At the 1964 Tokyo Olympics, the Olympic flame - carried by Yoshinori Sakai - was a symbol of Japan's postwar reconstruction (credit: Alamy)
It is interesting to note that until the late 1980s most parts of Tokyo remained relatively low-rise and Japan’s first skyscraper, the 156-meter high Kasumigaseki Buildings was only completed in 1968. Outside the central business district near Tokyo Station and the new business sub-centres of Ikebukuro and Shinjuku, very few structures were over 10 storeys high.
In an attempt to boost the ailing economy, the central government gradually relaxed building regulations during the 1990s and early 2000s, which contributed to the current high-rise boom. In fact, 70% of Tokyo’s over 500 high-rise buildings that dot the skyline of the city today were built since 2000.
The old and the new
It is hard to assess the psychological effect on people who have lived in a city that was subject to such drastic and constant change. The eminent architect Arata Isozaki suggests “we [in Japan] don’t conceive of the city as a collective cultural product. This is very different from Europe. Why? Tokyo was completely destroyed in 1945 with virtually nothing left, except for a few ferro-concrete structures. Thus, most people grew up during the years of rapid urban growth within a city that didn’t have any old buildings.
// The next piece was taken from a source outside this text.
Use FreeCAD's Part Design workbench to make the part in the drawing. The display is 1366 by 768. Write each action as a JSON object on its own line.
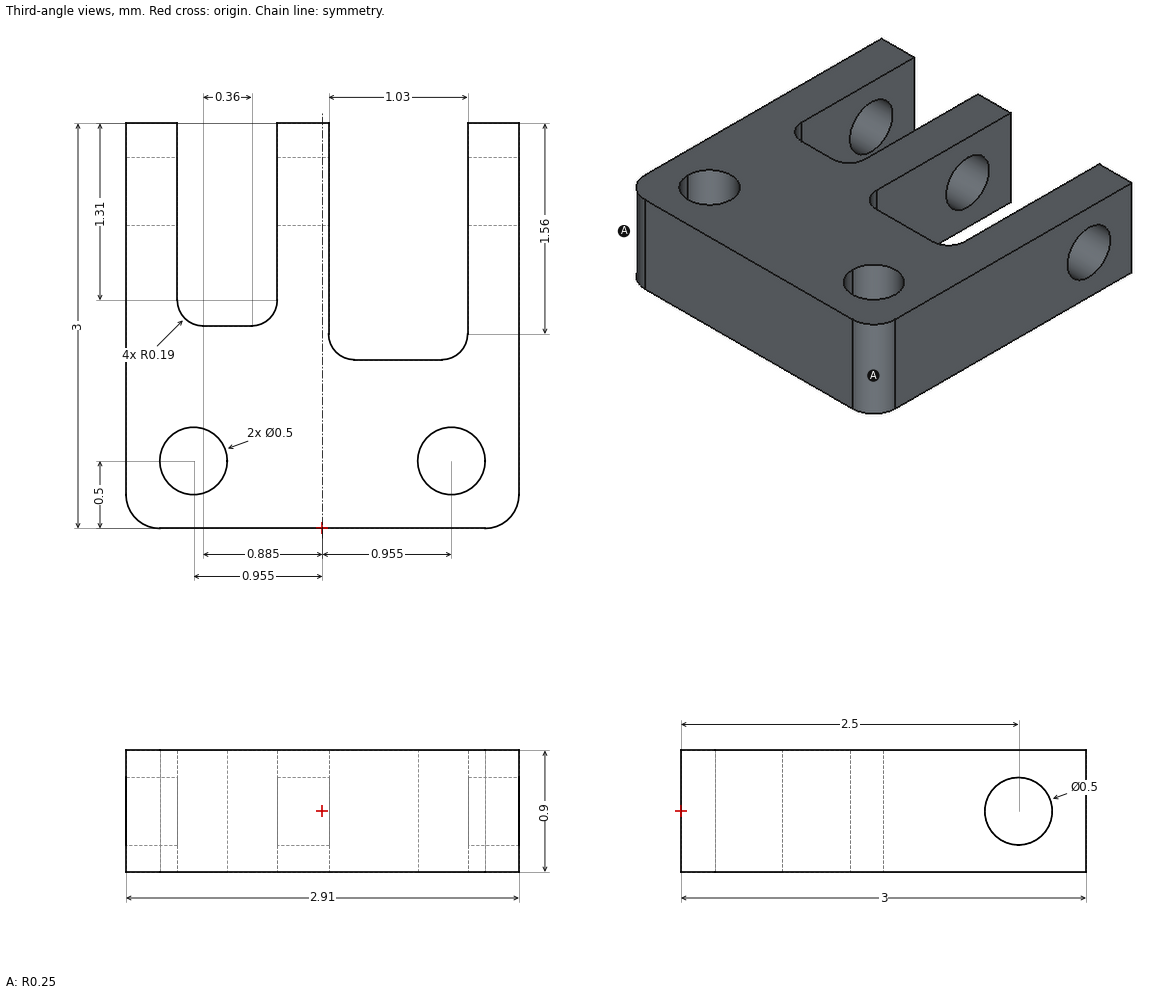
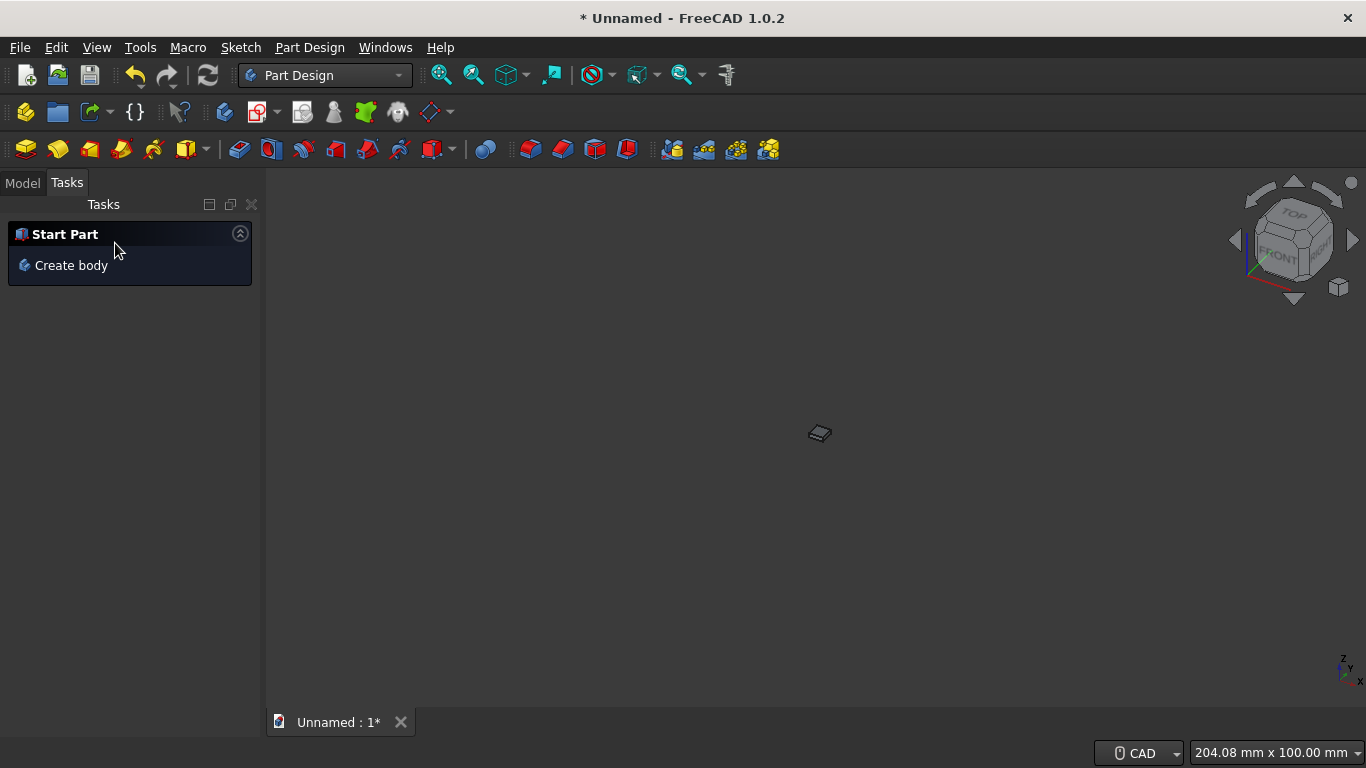
{"action": "key", "text": "v f"}

This is very different from Kyoto and this is one reason why preservationists are so strong there.”
Construction in Tokyo has been booming thanks to playing host to major sporting event (Odd Anderson/AFP/Getty Images)
There will always be a tension between progression and preservation. Like Ishikawa’s powerful symbol of the wrecking ball in the opening scenes of his 1964 documentary, perhaps Japan’s overall modernising process was on one level implicitly violent but on another, a suggestion that the old city had to give way for the new naturally to emerge. “In hindsight,” Sakamoto ponders, “we should have treasured important architectural landmarks and the cityscape, but during the time of rapid urban growth we only saw the modern and the new.”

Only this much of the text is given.